The definition of the word is getting so twisted in car show competition that in some events it isn’t considered correct to lift the hood to inspect an engine or even look in the car’s storage areas. Why? Because spots of grease or oil may somehow sully the car’s image and detract from its “elegance.” 

Hey guys, these are automobiles—machines that require lubrication and cooling fluids. The finest restored examples seldom leak and, if they do, so what? It’s an automobile’s appearance, sound and even aroma that remains after it has passed that create our perceptions of its beauty. 

Some random smudge or droplet of liquid (not to mention that errant blade of grass caught in the tire tread) shouldn’t begin to affect how an automobile is scored. Cleanliness may have something to do with presentation, but shouldn’t real patina, that proof of loving use, have just as much weight? This standard should be up to the judges’ expert discretion. 

Remember that the true concours, as they originated in Europe, were about cars in motion, complete with haute couture fashion to enhance the effect. Automobiles should be appreciated as pieces of kinetic sculpture that stimulate our senses, not judged on the basis of some negative, detracting nonissue, like a burned-out tail lamp, that has nothing to do with the car’s design. 

A concours d’elegance isn’t about determining who can afford the best restoration or overlooking a stunning piece of machinery for Best of Show because of some miniscule issue. A fine automobile’s reputation is based partly on history and its known performance.

The world’s greatest examples of design and craftsmanship were meant to be used, sometimes in brutal competition, which only adds to their mystique, history and provenance. To penalize such fabulous equipment because of some distracting, irrelevant detail that has nothing to do with its creator’s vision is missing the whole point.

Important racing cars always have a difficult time at concours because there’s a strange notion among inexperienced judges that elegance applies only to exterior aesthetics. Elegance is as much about inspired engineering and refined execution of the designer’s vision as the automobile’s exterior appearance.

Function, no matter how bizarre, should count equally with great coachwork. Is Jim Clark’s Indy-winning Lotus, with its brilliant offset chassis and bundle-of-snakes exhaust, any less striking than a Figoni et Falaschi Talbot coupe or Touring-bodied 8C 2900 Alfa roadster?
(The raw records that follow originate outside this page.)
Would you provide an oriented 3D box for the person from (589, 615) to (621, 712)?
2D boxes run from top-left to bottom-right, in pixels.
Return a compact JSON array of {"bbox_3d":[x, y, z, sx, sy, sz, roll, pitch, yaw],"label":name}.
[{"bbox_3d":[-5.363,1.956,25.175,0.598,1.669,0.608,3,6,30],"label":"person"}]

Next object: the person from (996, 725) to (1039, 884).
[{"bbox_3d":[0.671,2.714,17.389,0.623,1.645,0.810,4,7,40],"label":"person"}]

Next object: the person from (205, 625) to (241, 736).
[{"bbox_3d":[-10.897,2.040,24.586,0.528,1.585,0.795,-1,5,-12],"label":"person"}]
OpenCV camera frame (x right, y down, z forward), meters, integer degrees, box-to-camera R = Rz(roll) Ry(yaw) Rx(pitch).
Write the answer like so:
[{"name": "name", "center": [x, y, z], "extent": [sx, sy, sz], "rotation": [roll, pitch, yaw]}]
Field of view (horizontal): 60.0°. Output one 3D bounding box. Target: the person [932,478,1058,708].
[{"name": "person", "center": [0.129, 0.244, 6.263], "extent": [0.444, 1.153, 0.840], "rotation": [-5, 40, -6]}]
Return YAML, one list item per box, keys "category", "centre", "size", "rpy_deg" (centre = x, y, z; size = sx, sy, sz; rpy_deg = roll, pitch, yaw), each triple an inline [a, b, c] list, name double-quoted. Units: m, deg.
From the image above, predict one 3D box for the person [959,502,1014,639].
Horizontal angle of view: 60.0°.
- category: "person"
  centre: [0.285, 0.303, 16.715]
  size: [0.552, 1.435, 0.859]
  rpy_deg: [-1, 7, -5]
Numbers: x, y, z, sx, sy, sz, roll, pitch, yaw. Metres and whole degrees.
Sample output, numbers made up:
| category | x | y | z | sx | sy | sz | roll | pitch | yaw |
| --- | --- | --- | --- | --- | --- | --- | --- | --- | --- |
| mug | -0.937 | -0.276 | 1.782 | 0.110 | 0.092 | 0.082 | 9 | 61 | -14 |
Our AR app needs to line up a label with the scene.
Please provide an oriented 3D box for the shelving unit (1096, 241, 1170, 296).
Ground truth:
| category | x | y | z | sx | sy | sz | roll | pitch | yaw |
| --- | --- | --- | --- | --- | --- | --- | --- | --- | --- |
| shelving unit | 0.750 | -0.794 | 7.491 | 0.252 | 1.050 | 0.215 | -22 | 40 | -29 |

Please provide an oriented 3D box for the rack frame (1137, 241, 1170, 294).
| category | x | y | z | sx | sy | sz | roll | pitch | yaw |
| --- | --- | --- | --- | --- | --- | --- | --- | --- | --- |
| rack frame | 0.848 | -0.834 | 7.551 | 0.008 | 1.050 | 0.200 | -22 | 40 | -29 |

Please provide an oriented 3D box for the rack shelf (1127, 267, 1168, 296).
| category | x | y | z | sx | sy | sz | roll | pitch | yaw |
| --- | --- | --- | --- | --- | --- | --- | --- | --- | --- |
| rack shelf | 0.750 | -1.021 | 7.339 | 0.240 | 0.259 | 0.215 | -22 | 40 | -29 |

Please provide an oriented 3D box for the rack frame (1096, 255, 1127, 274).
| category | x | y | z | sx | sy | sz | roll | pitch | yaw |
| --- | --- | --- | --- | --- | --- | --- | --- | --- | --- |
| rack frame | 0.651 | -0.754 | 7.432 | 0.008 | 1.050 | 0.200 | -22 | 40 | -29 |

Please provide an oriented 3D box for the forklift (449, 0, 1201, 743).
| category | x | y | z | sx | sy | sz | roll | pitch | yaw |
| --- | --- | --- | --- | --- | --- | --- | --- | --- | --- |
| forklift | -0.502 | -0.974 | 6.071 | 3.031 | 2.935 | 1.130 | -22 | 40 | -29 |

They’re different, yes, but defining the best, as concours judges are required to do, is more than just difficult; it’s almost impossible. 

It requires a great sense of history as well as impeccable taste. Since automotive art is often judged under such extremes, and the controversial results for a single winner are seldom appreciated, it is probably best to separate the track from the street and award two Best of Shows. 

This practice was inaugurated years ago by visionary promoter Bill Warner at his always deliciously wonderful Amelia Island Concours d’Elegance. Amelia is held in March of each year near Jacksonville, Florida, and the event offers twin awards for Concours d’Elegance and Concours d’Sport. A broad scope of incredibly rare and wonderful cars appear at Amelia each spring, and we’d never get to discover these machines if it weren’t for the fact that good judgment and good taste have, over time, come to live there comfortably side by side. Thanks, Bill.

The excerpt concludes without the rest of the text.